I would like the listing below retyped exactly, line by line.

___ Supplied data ___

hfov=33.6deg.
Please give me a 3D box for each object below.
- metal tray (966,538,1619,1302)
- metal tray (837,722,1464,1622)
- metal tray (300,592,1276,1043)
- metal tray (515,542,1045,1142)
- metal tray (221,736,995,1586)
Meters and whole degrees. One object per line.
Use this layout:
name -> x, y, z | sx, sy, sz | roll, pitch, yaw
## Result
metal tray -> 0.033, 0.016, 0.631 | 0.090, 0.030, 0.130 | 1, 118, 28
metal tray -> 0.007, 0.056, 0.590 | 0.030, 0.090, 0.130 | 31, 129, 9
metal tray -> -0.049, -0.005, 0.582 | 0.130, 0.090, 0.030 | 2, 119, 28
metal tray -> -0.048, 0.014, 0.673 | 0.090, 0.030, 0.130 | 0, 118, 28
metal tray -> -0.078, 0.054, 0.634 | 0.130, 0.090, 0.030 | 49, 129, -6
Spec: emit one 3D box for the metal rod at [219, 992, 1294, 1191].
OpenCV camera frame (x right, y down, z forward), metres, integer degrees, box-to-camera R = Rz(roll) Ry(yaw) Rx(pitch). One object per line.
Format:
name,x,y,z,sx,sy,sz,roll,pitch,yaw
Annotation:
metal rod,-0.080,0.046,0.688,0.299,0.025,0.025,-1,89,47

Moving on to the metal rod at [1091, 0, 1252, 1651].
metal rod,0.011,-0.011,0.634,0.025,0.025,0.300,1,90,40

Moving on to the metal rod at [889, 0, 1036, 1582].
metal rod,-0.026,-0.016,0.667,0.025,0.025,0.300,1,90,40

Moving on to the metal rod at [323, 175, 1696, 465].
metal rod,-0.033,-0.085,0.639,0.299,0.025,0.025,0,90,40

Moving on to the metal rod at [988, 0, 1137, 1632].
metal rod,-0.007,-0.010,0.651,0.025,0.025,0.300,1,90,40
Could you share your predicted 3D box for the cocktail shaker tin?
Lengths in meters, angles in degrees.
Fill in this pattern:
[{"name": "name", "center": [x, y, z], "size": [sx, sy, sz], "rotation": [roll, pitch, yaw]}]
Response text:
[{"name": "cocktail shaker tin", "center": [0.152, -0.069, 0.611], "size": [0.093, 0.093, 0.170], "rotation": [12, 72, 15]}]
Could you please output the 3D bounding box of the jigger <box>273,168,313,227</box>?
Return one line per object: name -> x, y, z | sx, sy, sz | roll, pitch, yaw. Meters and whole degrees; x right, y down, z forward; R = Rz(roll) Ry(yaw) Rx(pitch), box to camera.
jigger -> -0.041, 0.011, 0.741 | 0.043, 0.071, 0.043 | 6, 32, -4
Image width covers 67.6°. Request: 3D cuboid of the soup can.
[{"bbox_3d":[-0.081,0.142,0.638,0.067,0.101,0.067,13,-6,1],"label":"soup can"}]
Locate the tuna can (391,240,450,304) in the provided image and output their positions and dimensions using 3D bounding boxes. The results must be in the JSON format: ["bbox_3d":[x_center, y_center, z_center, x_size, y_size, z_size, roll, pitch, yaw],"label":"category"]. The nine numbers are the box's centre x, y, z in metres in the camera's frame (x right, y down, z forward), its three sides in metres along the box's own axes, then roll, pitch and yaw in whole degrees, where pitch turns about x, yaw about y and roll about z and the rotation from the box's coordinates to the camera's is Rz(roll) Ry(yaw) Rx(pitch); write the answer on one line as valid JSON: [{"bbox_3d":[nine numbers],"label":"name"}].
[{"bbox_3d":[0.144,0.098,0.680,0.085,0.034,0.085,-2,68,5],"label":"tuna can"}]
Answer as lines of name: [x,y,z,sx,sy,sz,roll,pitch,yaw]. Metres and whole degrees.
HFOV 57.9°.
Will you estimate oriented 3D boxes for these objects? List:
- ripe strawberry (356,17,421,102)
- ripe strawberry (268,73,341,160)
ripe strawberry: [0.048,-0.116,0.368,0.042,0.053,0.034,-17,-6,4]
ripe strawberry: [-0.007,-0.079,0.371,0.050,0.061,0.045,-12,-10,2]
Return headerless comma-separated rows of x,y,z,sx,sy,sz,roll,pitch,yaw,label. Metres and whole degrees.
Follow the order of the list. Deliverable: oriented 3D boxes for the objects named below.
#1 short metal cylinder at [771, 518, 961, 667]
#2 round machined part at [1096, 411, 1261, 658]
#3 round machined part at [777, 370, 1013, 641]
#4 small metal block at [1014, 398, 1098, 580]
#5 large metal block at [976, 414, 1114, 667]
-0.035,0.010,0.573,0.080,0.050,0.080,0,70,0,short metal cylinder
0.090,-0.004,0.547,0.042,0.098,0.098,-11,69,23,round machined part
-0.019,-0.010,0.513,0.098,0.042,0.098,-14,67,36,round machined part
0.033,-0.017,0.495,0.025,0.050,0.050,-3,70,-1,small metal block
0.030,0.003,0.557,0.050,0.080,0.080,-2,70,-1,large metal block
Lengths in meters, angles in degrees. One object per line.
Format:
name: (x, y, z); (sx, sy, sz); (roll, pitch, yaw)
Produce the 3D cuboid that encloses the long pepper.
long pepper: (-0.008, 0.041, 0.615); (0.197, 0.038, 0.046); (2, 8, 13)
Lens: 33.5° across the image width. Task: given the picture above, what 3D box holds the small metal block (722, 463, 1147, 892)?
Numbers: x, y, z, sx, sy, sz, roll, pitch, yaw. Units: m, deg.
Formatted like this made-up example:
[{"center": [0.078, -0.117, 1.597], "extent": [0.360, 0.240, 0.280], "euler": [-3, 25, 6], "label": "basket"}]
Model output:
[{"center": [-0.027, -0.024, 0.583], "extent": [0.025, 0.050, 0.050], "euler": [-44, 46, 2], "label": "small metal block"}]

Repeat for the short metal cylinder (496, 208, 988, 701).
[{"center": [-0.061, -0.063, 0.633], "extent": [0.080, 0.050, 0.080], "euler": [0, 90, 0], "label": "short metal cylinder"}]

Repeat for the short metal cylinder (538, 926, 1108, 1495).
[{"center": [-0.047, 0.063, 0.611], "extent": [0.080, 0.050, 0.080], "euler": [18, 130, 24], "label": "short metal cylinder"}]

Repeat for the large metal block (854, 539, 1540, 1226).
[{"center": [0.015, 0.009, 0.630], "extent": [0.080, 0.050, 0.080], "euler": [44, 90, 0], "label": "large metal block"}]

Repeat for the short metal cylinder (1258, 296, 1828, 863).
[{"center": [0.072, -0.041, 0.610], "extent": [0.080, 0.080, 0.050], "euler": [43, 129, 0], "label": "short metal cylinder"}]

___

**Answer section:**
hfov=33.6deg.
Please give me a 3D box for each object below.
- metal tray (966,538,1619,1302)
- metal tray (837,722,1464,1622)
- metal tray (300,592,1276,1043)
- metal tray (515,542,1045,1142)
- metal tray (221,736,995,1586)
Meters and whole degrees. One object per line.
Use this layout:
name -> x, y, z | sx, sy, sz | roll, pitch, yaw
## Result
metal tray -> 0.033, 0.016, 0.631 | 0.090, 0.030, 0.130 | 1, 118, 28
metal tray -> 0.007, 0.056, 0.590 | 0.030, 0.090, 0.130 | 31, 129, 9
metal tray -> -0.049, -0.005, 0.582 | 0.130, 0.090, 0.030 | 2, 119, 28
metal tray -> -0.048, 0.014, 0.673 | 0.090, 0.030, 0.130 | 0, 118, 28
metal tray -> -0.078, 0.054, 0.634 | 0.130, 0.090, 0.030 | 49, 129, -6
Spec: emit one 3D box for the metal rod at [219, 992, 1294, 1191].
OpenCV camera frame (x right, y down, z forward), metres, integer degrees, box-to-camera R = Rz(roll) Ry(yaw) Rx(pitch). One object per line.
Format:
name,x,y,z,sx,sy,sz,roll,pitch,yaw
Annotation:
metal rod,-0.080,0.046,0.688,0.299,0.025,0.025,-1,89,47

Moving on to the metal rod at [1091, 0, 1252, 1651].
metal rod,0.011,-0.011,0.634,0.025,0.025,0.300,1,90,40

Moving on to the metal rod at [889, 0, 1036, 1582].
metal rod,-0.026,-0.016,0.667,0.025,0.025,0.300,1,90,40

Moving on to the metal rod at [323, 175, 1696, 465].
metal rod,-0.033,-0.085,0.639,0.299,0.025,0.025,0,90,40

Moving on to the metal rod at [988, 0, 1137, 1632].
metal rod,-0.007,-0.010,0.651,0.025,0.025,0.300,1,90,40
Could you share your predicted 3D box for the cocktail shaker tin?
Lengths in meters, angles in degrees.
Fill in this pattern:
[{"name": "name", "center": [x, y, z], "size": [sx, sy, sz], "rotation": [roll, pitch, yaw]}]
Response text:
[{"name": "cocktail shaker tin", "center": [0.152, -0.069, 0.611], "size": [0.093, 0.093, 0.170], "rotation": [12, 72, 15]}]
Could you please output the 3D bounding box of the jigger <box>273,168,313,227</box>?
Return one line per object: name -> x, y, z | sx, sy, sz | roll, pitch, yaw. Meters and whole degrees; x right, y down, z forward; R = Rz(roll) Ry(yaw) Rx(pitch), box to camera.
jigger -> -0.041, 0.011, 0.741 | 0.043, 0.071, 0.043 | 6, 32, -4
Image width covers 67.6°. Request: 3D cuboid of the soup can.
[{"bbox_3d":[-0.081,0.142,0.638,0.067,0.101,0.067,13,-6,1],"label":"soup can"}]
Locate the tuna can (391,240,450,304) in the provided image and output their positions and dimensions using 3D bounding boxes. The results must be in the JSON format: ["bbox_3d":[x_center, y_center, z_center, x_size, y_size, z_size, roll, pitch, yaw],"label":"category"]. The nine numbers are the box's centre x, y, z in metres in the camera's frame (x right, y down, z forward), its three sides in metres along the box's own axes, then roll, pitch and yaw in whole degrees, where pitch turns about x, yaw about y and roll about z and the rotation from the box's coordinates to the camera's is Rz(roll) Ry(yaw) Rx(pitch); write the answer on one line as valid JSON: [{"bbox_3d":[nine numbers],"label":"name"}].
[{"bbox_3d":[0.144,0.098,0.680,0.085,0.034,0.085,-2,68,5],"label":"tuna can"}]
Answer as lines of name: [x,y,z,sx,sy,sz,roll,pitch,yaw]. Metres and whole degrees.
HFOV 57.9°.
Will you estimate oriented 3D boxes for these objects? List:
- ripe strawberry (356,17,421,102)
- ripe strawberry (268,73,341,160)
ripe strawberry: [0.048,-0.116,0.368,0.042,0.053,0.034,-17,-6,4]
ripe strawberry: [-0.007,-0.079,0.371,0.050,0.061,0.045,-12,-10,2]
Return headerless comma-separated rows of x,y,z,sx,sy,sz,roll,pitch,yaw,label. Metres and whole degrees.
Follow the order of the list. Deliverable: oriented 3D boxes for the objects named below.
#1 short metal cylinder at [771, 518, 961, 667]
#2 round machined part at [1096, 411, 1261, 658]
#3 round machined part at [777, 370, 1013, 641]
#4 small metal block at [1014, 398, 1098, 580]
#5 large metal block at [976, 414, 1114, 667]
-0.035,0.010,0.573,0.080,0.050,0.080,0,70,0,short metal cylinder
0.090,-0.004,0.547,0.042,0.098,0.098,-11,69,23,round machined part
-0.019,-0.010,0.513,0.098,0.042,0.098,-14,67,36,round machined part
0.033,-0.017,0.495,0.025,0.050,0.050,-3,70,-1,small metal block
0.030,0.003,0.557,0.050,0.080,0.080,-2,70,-1,large metal block
Lengths in meters, angles in degrees. One object per line.
Format:
name: (x, y, z); (sx, sy, sz); (roll, pitch, yaw)
Produce the 3D cuboid that encloses the long pepper.
long pepper: (-0.008, 0.041, 0.615); (0.197, 0.038, 0.046); (2, 8, 13)
Lens: 33.5° across the image width. Task: given the picture above, what 3D box holds the small metal block (722, 463, 1147, 892)?
Numbers: x, y, z, sx, sy, sz, roll, pitch, yaw. Units: m, deg.
Formatted like this made-up example:
[{"center": [0.078, -0.117, 1.597], "extent": [0.360, 0.240, 0.280], "euler": [-3, 25, 6], "label": "basket"}]
Model output:
[{"center": [-0.027, -0.024, 0.583], "extent": [0.025, 0.050, 0.050], "euler": [-44, 46, 2], "label": "small metal block"}]

Repeat for the short metal cylinder (496, 208, 988, 701).
[{"center": [-0.061, -0.063, 0.633], "extent": [0.080, 0.050, 0.080], "euler": [0, 90, 0], "label": "short metal cylinder"}]

Repeat for the short metal cylinder (538, 926, 1108, 1495).
[{"center": [-0.047, 0.063, 0.611], "extent": [0.080, 0.050, 0.080], "euler": [18, 130, 24], "label": "short metal cylinder"}]

Repeat for the large metal block (854, 539, 1540, 1226).
[{"center": [0.015, 0.009, 0.630], "extent": [0.080, 0.050, 0.080], "euler": [44, 90, 0], "label": "large metal block"}]

Repeat for the short metal cylinder (1258, 296, 1828, 863).
[{"center": [0.072, -0.041, 0.610], "extent": [0.080, 0.080, 0.050], "euler": [43, 129, 0], "label": "short metal cylinder"}]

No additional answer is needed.